Overview of useful R packages:
- tm: the text mining package that can be used to manage a text corpus and extract document-term matrices from them
- e1071: contains a function for learning naive Bayes classifiers and support vector machines
- class: contains a k-nearest neighbour algorithm
- MASS: contains functions "lda" and "qda" for linear and quadratic discriminant analysis
Setting up an R working environment
We discuss two options:
- The preferred option is to install R on your own laptop. It is easy to install packages from within R.
First check if a package is already installed.
Go to the menu "Packages --> Install package(s)" etc. To load an installed package, go to "Packages --> Load package".
- Use the PC's in the computer lab. Note: In this setting you probably won't get the "stemming" pre-processing step to work,
but that is not really a problem. Proceed as follows. Save this R workspace
somewhere under your home directory and double click it to start R. You can now install packages from within R (see (1))
but these packages will be removed by the next day, so you would have to install them again each time.
This does not take a lot of time however. The second option is to install the packages somewhere under your own home directory
where they won't be removed every time, e.g. in the directory "S:/dar/Rpackages/".
This works as follows. First select a CRAN mirror by going to the menu item "Packages --> Set CRAN mirror".
It makes sense to select "Netherlands (Utrecht)". Then type in the following in R (make sure the indicated directory exists):
# install package
> install.packages("tm", lib="S:/dar/Rpackages/")
# load package
> library(tm, lib.loc="S:/dar/Rpackages/")
Hints and Suggestions
- Start by working through the examples in "Introduction to the tm Package", see the
package home page.
- Try to analyse the Lyrics Data.
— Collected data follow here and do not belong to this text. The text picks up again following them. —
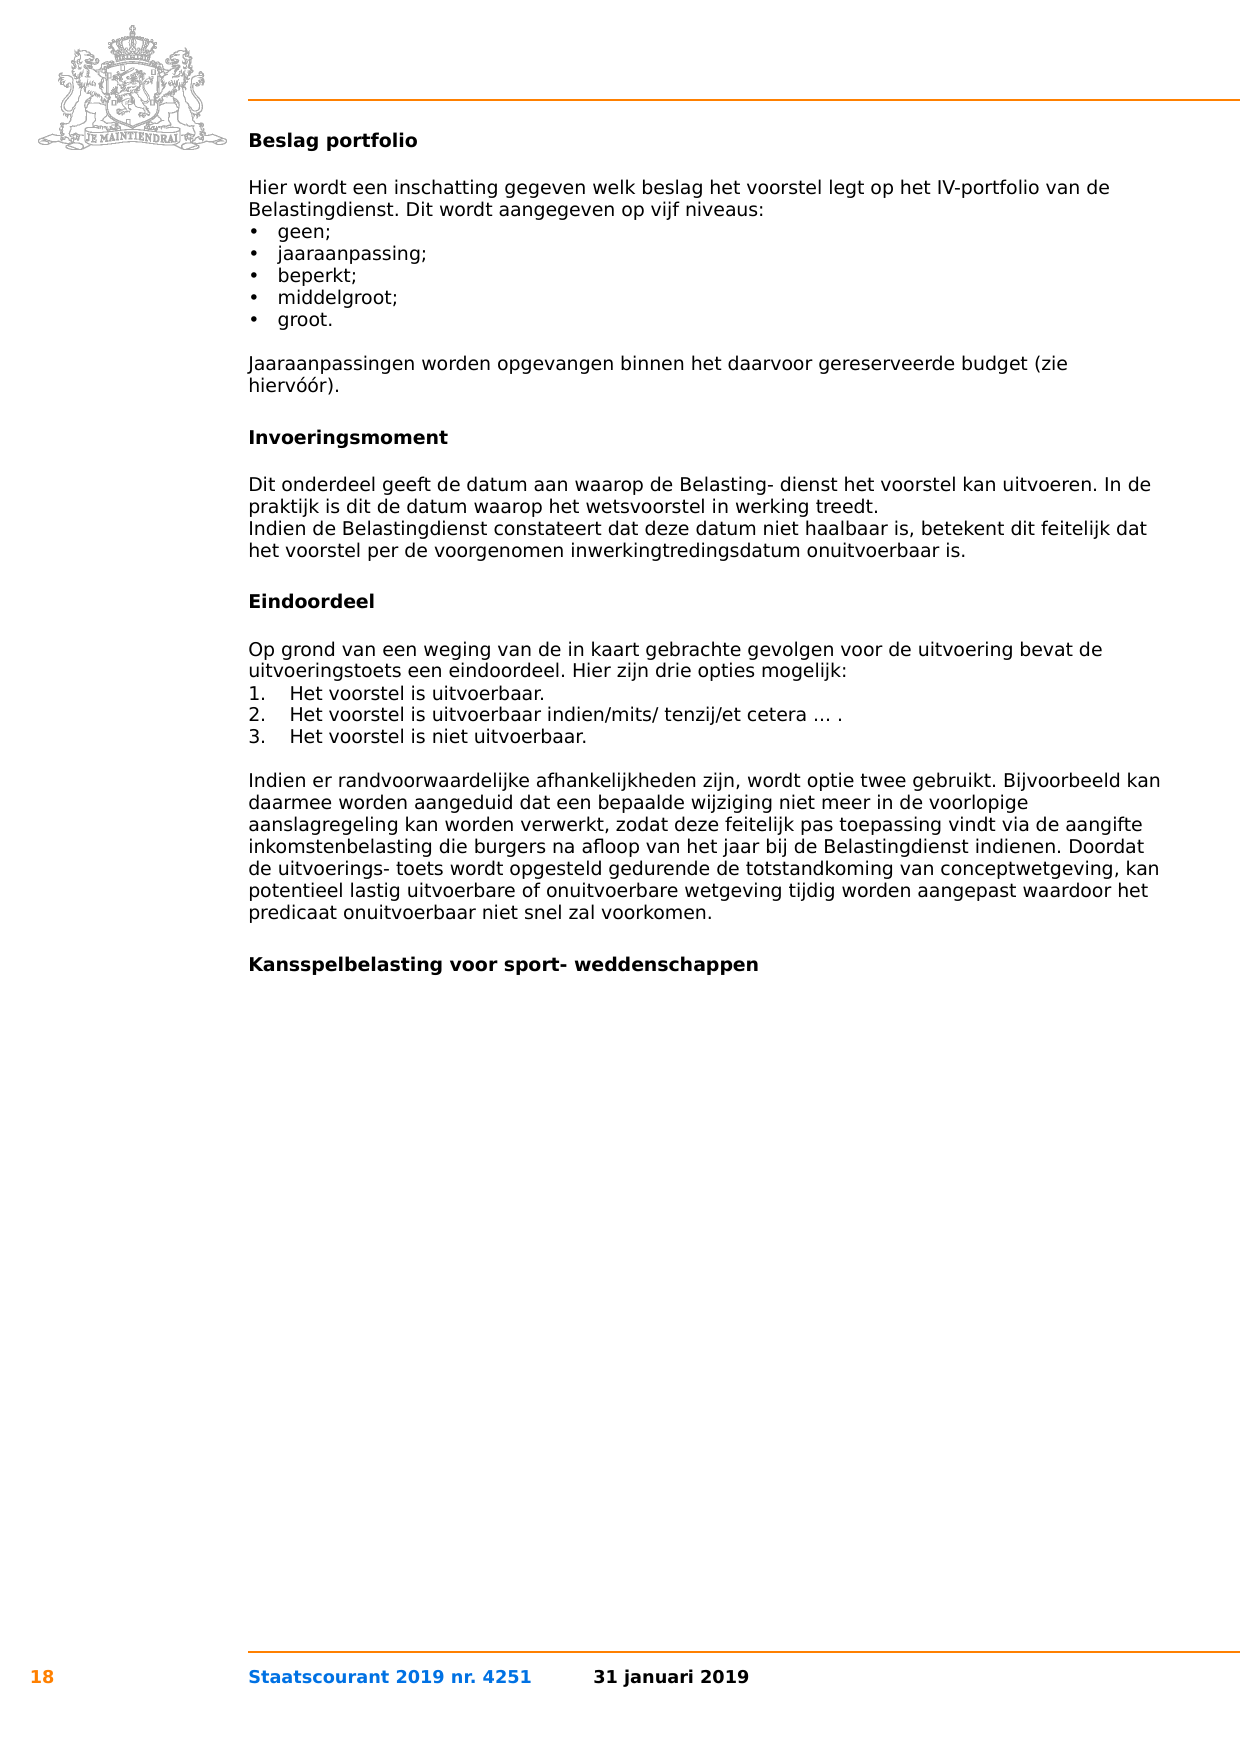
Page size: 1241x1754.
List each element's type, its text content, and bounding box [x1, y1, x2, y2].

picture [38, 25, 227, 150]
text Indien de Belastingdienst constateert dat deze datum niet haalbaar is, betekent dit feitelijk dat het voorstel per de voorgenomen inwerkingtredingsdatum onuitvoerbaar is. [248, 517, 1163, 561]
text Dit onderdeel geeft de datum aan waarop de Belasting- dienst het voorstel kan uitvoeren. In de praktijk is dit de datum waarop het wetsvoorstel in werking treedt. [248, 473, 1163, 517]
text • beperkt; [248, 265, 1163, 287]
subtitle Eindoordeel [248, 591, 1163, 613]
subtitle Kansspelbelasting voor sport- weddenschappen [248, 954, 1163, 976]
text • groot. [248, 309, 1163, 331]
text Jaaraanpassingen worden opgevangen binnen het daarvoor gereserveerde budget (zie hiervóór). [248, 353, 1163, 397]
text Hier wordt een inschatting gegeven welk beslag het voorstel legt op het IV-portfolio van de Belastingdienst. Dit wordt aangegeven op vijf niveaus: [248, 177, 1163, 221]
text 3. Het voorstel is niet uitvoerbaar. [248, 726, 1163, 748]
text • jaaraanpassing; [248, 243, 1163, 265]
text Op grond van een weging van de in kaart gebrachte gevolgen voor de uitvoering bevat de uitvoeringstoets een eindoordeel. Hier zijn drie opties mogelijk: [248, 638, 1163, 682]
text 1. Het voorstel is uitvoerbaar. [248, 682, 1163, 704]
subtitle Invoeringsmoment [248, 427, 1163, 448]
text 2. Het voorstel is uitvoerbaar indien/mits/ tenzij/et cetera ... . [248, 704, 1163, 726]
text • middelgroot; [248, 287, 1163, 309]
text • geen; [248, 221, 1163, 243]
text Indien er randvoorwaardelijke afhankelijkheden zijn, wordt optie twee gebruikt. Bijvoorbeeld kan daarmee worden aangeduid dat een bepaalde wijziging niet meer in de voorlopige aanslagregeling kan worden verwerkt, zodat deze feitelijk pas toepassing vindt via de aangifte inkomstenbelasting die burgers na afloop van het jaar bij de Belastingdienst indienen. Doordat de uitvoerings- toets wordt opgesteld gedurende de totstandkoming van conceptwetgeving, kan potentieel lastig uitvoerbare of onuitvoerbare wetgeving tijdig worden aangepast waardoor het predicaat onuitvoerbaar niet snel zal voorkomen. [248, 770, 1163, 924]
subtitle Beslag portfolio [248, 130, 1163, 152]
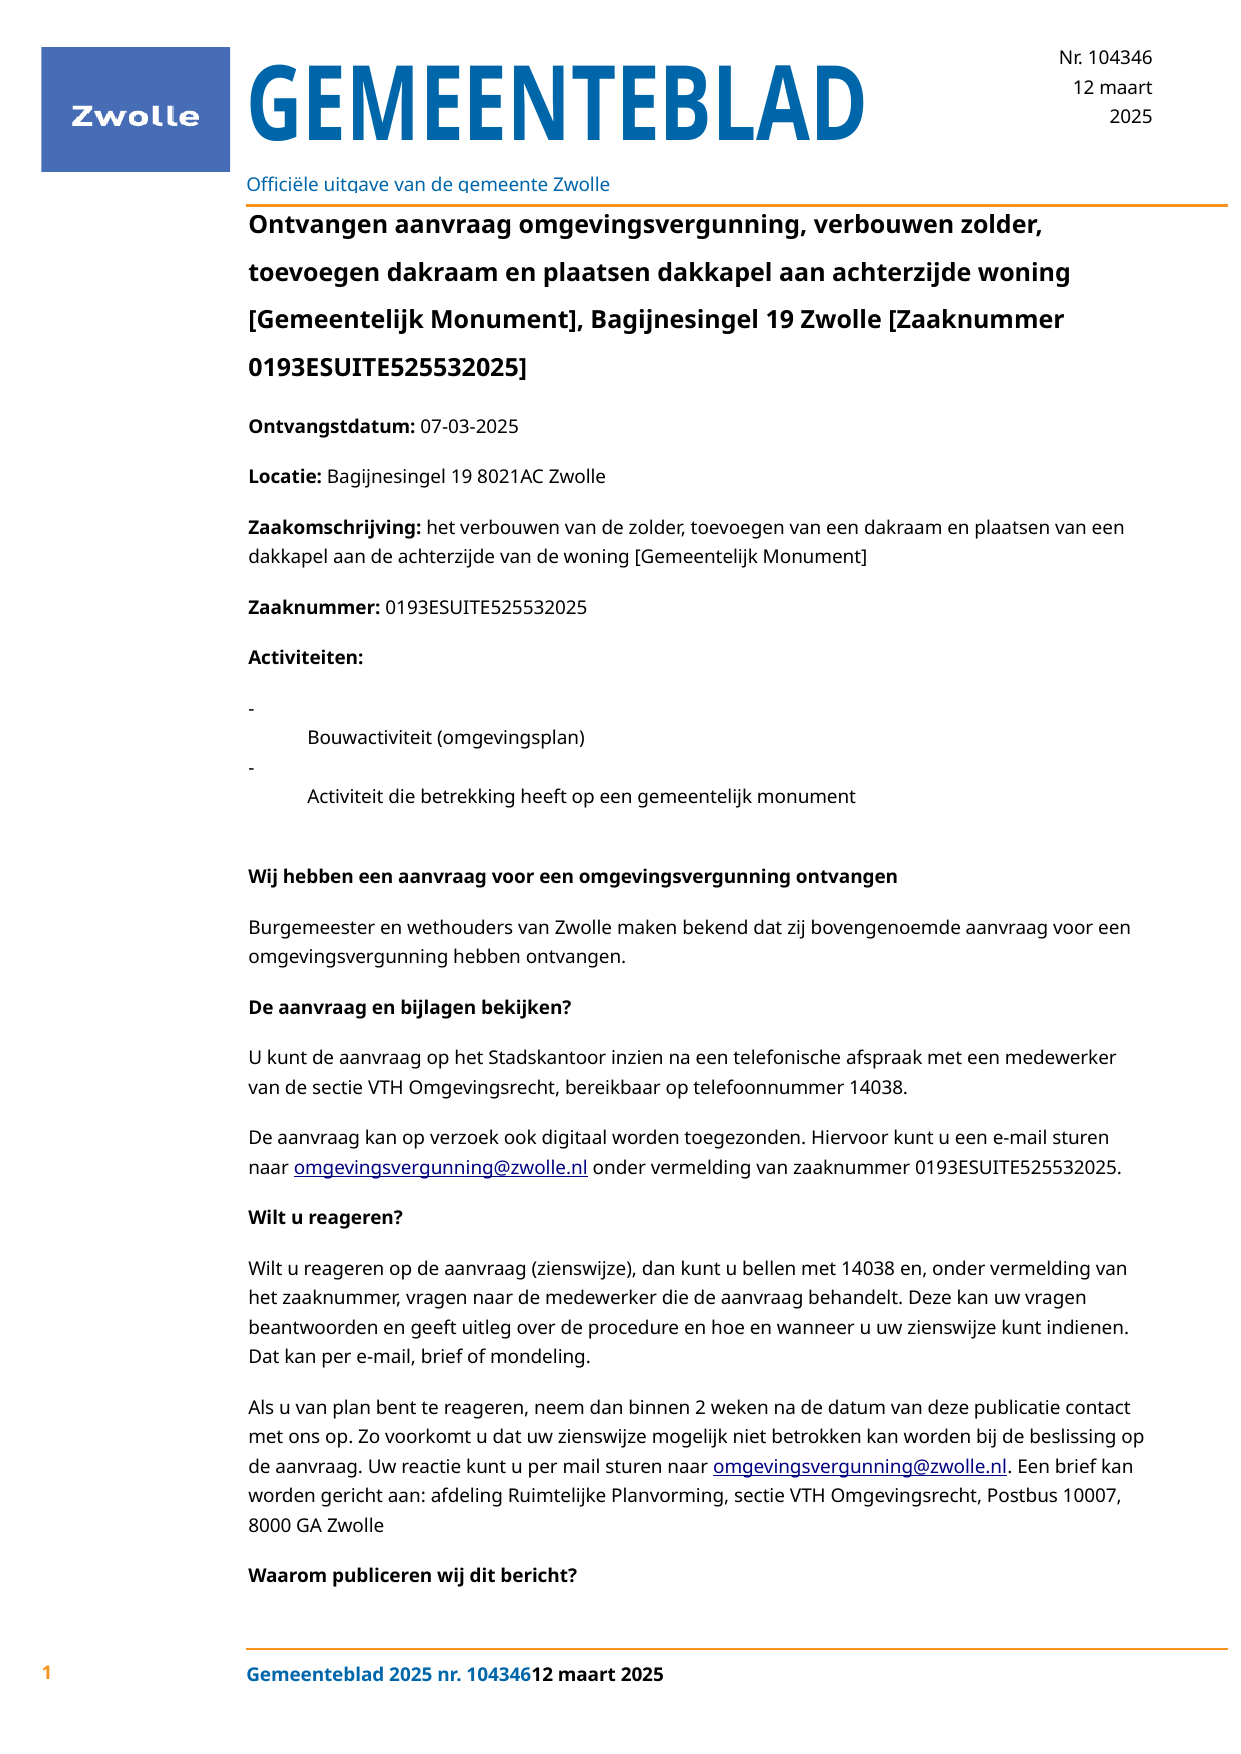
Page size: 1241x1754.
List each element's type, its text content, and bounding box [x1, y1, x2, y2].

text Als u van plan bent te reageren, neem dan binnen 2 weken na de datum van deze publicatie contact met ons op. Zo voorkomt u dat uw zienswijze mogelijk niet betrokken kan worden bij de beslissing op de aanvraag. Uw reactie kunt u per mail sturen naar omgevingsvergunning@zwolle.nl. Een brief kan worden gericht aan: afdeling Ruimtelijke Planvorming, sectie VTH Omgevingsrecht, Postbus 10007, 8000 GA Zwolle [248, 1394, 1152, 1538]
text Zaaknummer: 0193ESUITE525532025 [248, 594, 1152, 620]
text Burgemeester en wethouders van Zwolle maken bekend dat zij bovengenoemde aanvraag voor een omgevingsvergunning hebben ontvangen. [248, 914, 1152, 969]
text Wij hebben een aanvraag voor een omgevingsvergunning ontvangen [248, 863, 1152, 889]
list Activiteit die betrekking heeft op een gemeentelijk monument [248, 783, 1152, 809]
text Locatie: Bagijnesingel 19 8021AC Zwolle [248, 463, 1152, 489]
text Wilt u reageren? [248, 1204, 1152, 1230]
text De aanvraag kan op verzoek ook digitaal worden toegezonden. Hiervoor kunt u een e-mail sturen naar omgevingsvergunning@zwolle.nl onder vermelding van zaaknummer 0193ESUITE525532025. [248, 1124, 1152, 1180]
text U kunt de aanvraag op het Stadskantoor inzien na een telefonische afspraak met een medewerker van de sectie VTH Omgevingsrecht, bereikbaar op telefoonnummer 14038. [248, 1044, 1152, 1100]
text Wilt u reageren op de aanvraag (zienswijze), dan kunt u bellen met 14038 en, onder vermelding van het zaaknummer, vragen naar de medewerker die de aanvraag behandelt. Deze kan uw vragen beantwoorden en geeft uitleg over de procedure en hoe en wanneer u uw zienswijze kunt indienen. Dat kan per e-mail, brief of mondeling. [248, 1255, 1152, 1369]
picture [41, 47, 231, 172]
text Activiteiten: [248, 644, 1152, 670]
text Ontvangstdatum: 07-03-2025 [248, 413, 1152, 439]
text Ontvangen aanvraag omgevingsvergunning, verbouwen zolder, toevoegen dakraam en plaatsen dakkapel aan achterzijde woning [Gemeentelijk Monument], Bagijnesingel 19 Zwolle [Zaaknummer 0193ESUITE525532025] [248, 207, 1152, 384]
text Waarom publiceren wij dit bericht? [248, 1563, 1152, 1588]
text Zaakomschrijving: het verbouwen van de zolder, toevoegen van een dakraam en plaatsen van een dakkapel aan de achterzijde van de woning [Gemeentelijk Monument] [248, 514, 1152, 569]
text De aanvraag en bijlagen bekijken? [248, 994, 1152, 1020]
list Bouwactiviteit (omgevingsplan) [248, 724, 1152, 750]

See the lecture slides for examples.
To create the reader for the lyrics data, use this function.
- If you lack inspiration, you can use the Reuters-21578 corpus to define a classification problem.
An XML-encoded version of this corpus can be found here.
- Perhaps more challenging is analysis of the Enron e-mail corpus.
- You can try to automatically classify tweets, e.g. by subject or the sentiment (positive/negative) expressed in a tweet.
Since tweets are very short, this problem may be harder than standard text classification. The package "twitteR" alows you to
import tweets into R. Look here for instructions.
- Spam filtering is another problem where text classification can be applied.
- You can also pick up on my Music Genre classification idea. You could for example include more genres and build a larger corpus.
- Or do something completely different ...
Deliverables
Hand in a report (pdf) describing your analysis. The report must contain at least the following:
- A description of the text classification problem you have investigated.
- A description of the data set/corpus you have analysed. Include simple descriptive statistics like
number of documents, number of classes, frequencies of classes, etc.
- The pre-processing steps you have performed on the raw text data. This includes different weightings in the
document-term matrix, and feature selection. Note that you are also allowed to construct features in addition
to the terms that are present in the document-term matrix. For example, if you think total document length is
predictive for the class label, you can add this feature.
- A short description of the classification algorithms you have applied.
- A description of the training and testing of the classifiers, and a comparison of their predictive performance.
How did you select the value(s) of the complexity parameter(s) of a learning method? (e.g. the value of k in kNN,
or the value of C in a support vector machine).
- Interpretation of the results. Why did you get good or bad prediction results? Why do you think did one algorithm or
weighting scheme work better than another?
Send the report ultimately Friday, June 28 to me by e-mail.